This fits into the diet and exercise unit, but you might also recognise some of the information from healthy diets back in primary school.
Okay, then let's get started.
So our outcome for today is I can calculate the amount of energy provided by different foods by measuring a change in temperature.
This is a really exciting lesson, so I can't wait to get started.
You're going to be needing some words from today, that you may not have heard of before, and they are appearing on the screen now.
If you would like to read them in more detail, please do pause the video.
Otherwise don't worry, I will be explaining them as we go through the lesson.
So we have three learning cycles today, investigating energy provided by food, collecting data, data analysis and evaluation.
And we will be starting with investigating energy provided by food.
Okay, so let's start by thinking about some foods that are a really good source of energy.
Can you have a think back to our balanced diet lesson perhaps? What kinds of foods did we talk about when we were talking about energy? Okay, did you think about things like bananas, sweet potatoes, Brazil nuts?

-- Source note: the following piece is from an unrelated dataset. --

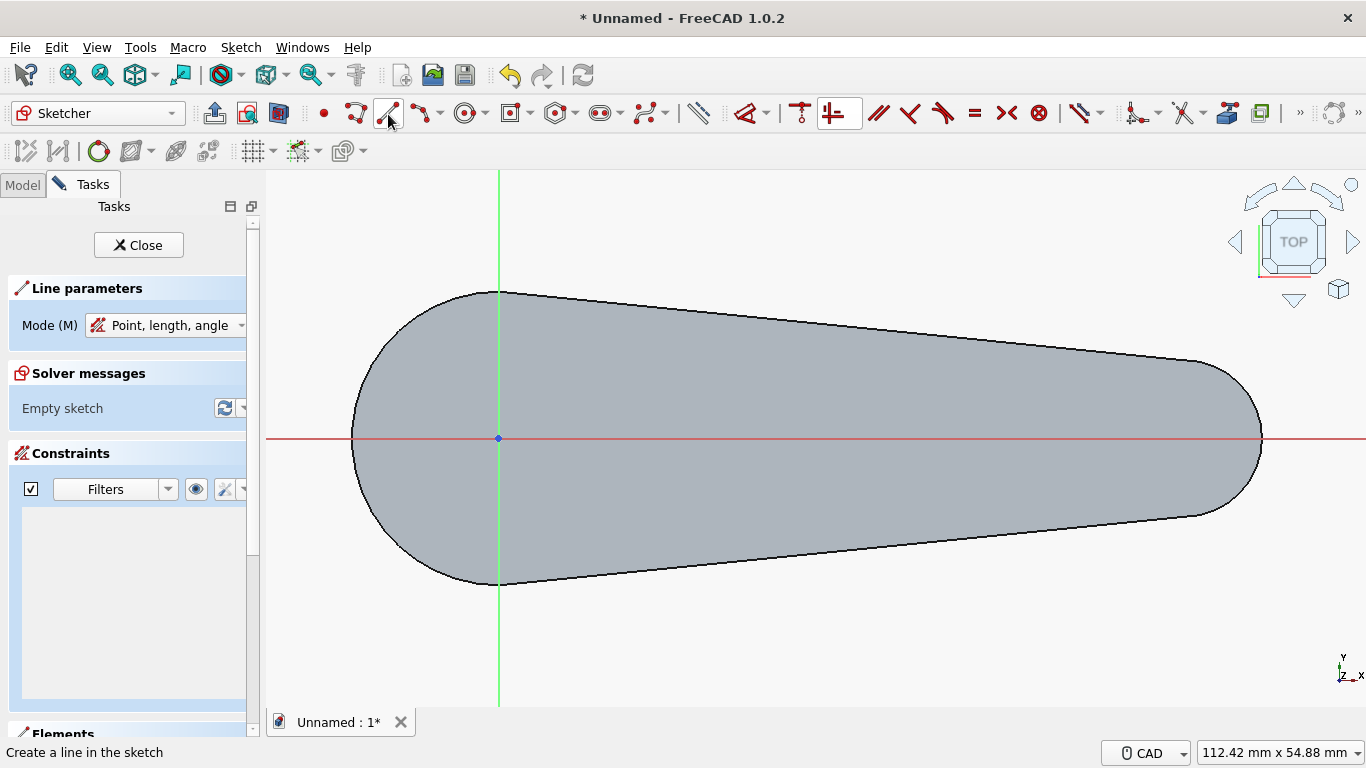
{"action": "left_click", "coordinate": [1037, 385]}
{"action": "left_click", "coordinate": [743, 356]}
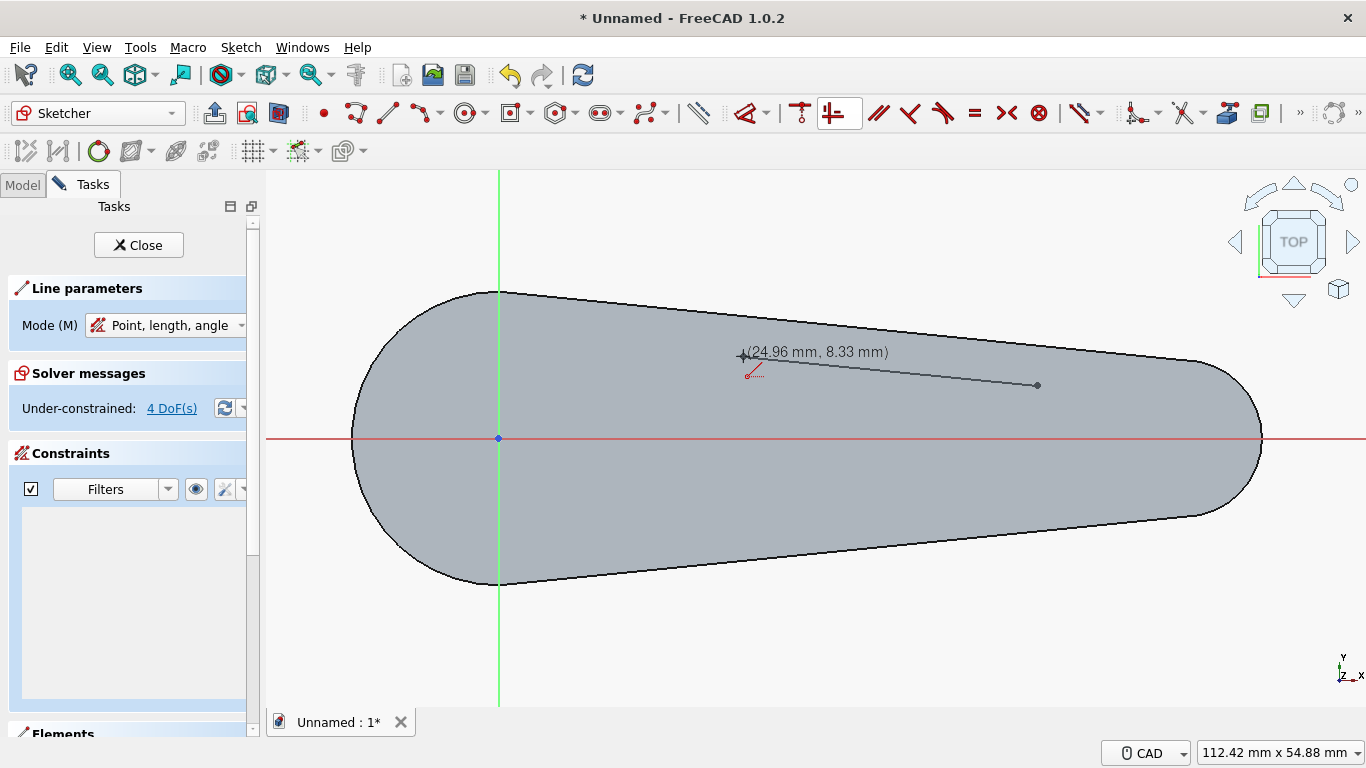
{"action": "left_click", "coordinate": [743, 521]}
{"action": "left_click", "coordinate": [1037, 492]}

These are foods that are really high in carbohydrates, and really high in really good fats.
They're whole foods, so they haven't been ultra processed and so actually they contain a real range of different nutrients, not just energy in the form of carbohydrates and fats, but they've also got lots of vitamins, minerals, and fibre in them that we need in order to have a healthy balance diet.
Now, if you would like to find out how much food, how much energy is in your food, then we can look on the back of food labels and we can see that the measurement of energy is actually in kilojoules or in kilocalories on there.
It's just in that circle of purple.
Obviously when we're looking at whole foods, they wouldn't have one of these information labels on the back of them, things like bananas, but you can actually look those up on the internet if you wish.
Now we can carry out a simple investigation in order to measure the amount of energy provided by different types of food.
So food scientists would be doing this in order to find out what numbers they should put on the back of these labels.
When we do this investigation, we're going to be changing some factors.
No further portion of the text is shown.